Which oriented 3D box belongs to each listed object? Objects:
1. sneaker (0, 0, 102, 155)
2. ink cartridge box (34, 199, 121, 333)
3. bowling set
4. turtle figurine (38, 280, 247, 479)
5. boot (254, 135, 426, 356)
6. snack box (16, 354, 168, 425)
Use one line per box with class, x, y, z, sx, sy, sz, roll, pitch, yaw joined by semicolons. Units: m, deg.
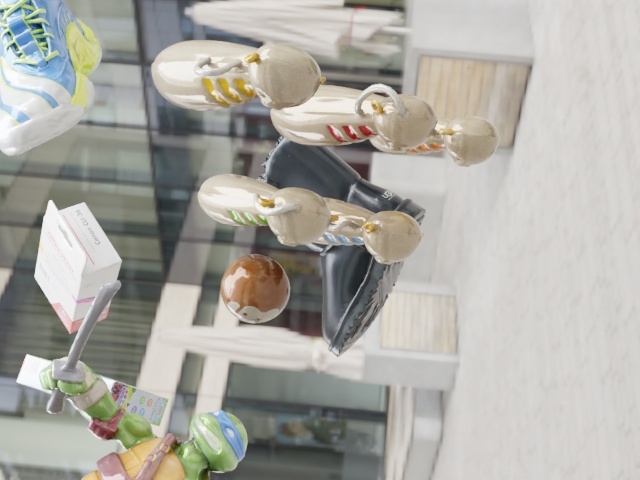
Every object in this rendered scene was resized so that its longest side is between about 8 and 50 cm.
sneaker;-0.255;-0.164;0.789;0.126;0.091;0.240;61;-174;-28
ink cartridge box;-0.348;0.030;1.337;0.115;0.067;0.198;53;144;19
bowling set;0.010;-0.027;0.690;0.154;0.287;0.200;12;96;49
turtle figurine;-0.190;0.187;0.694;0.198;0.266;0.275;53;170;8
boot;0.000;0.000;1.169;0.094;0.207;0.247;-32;-29;-51
snack box;-0.260;0.171;1.061;0.100;0.141;0.037;35;-111;-57
--------------------------------
=== WHAT YOU NEED TO DO ===
Where the line holding "2. ink cartridge box (34, 199, 121, 333)" appears in the listing above, start reproducing exactly, and end with the line holding "Use one line".

=== RESPONSE AREA ===
2. ink cartridge box (34, 199, 121, 333)
3. bowling set
4. turtle figurine (38, 280, 247, 479)
5. boot (254, 135, 426, 356)
6. snack box (16, 354, 168, 425)
Use one line per box with class, x, y, z, sx, sy, sz, roll, pitch, yaw joined by semicolons. Units: m, deg.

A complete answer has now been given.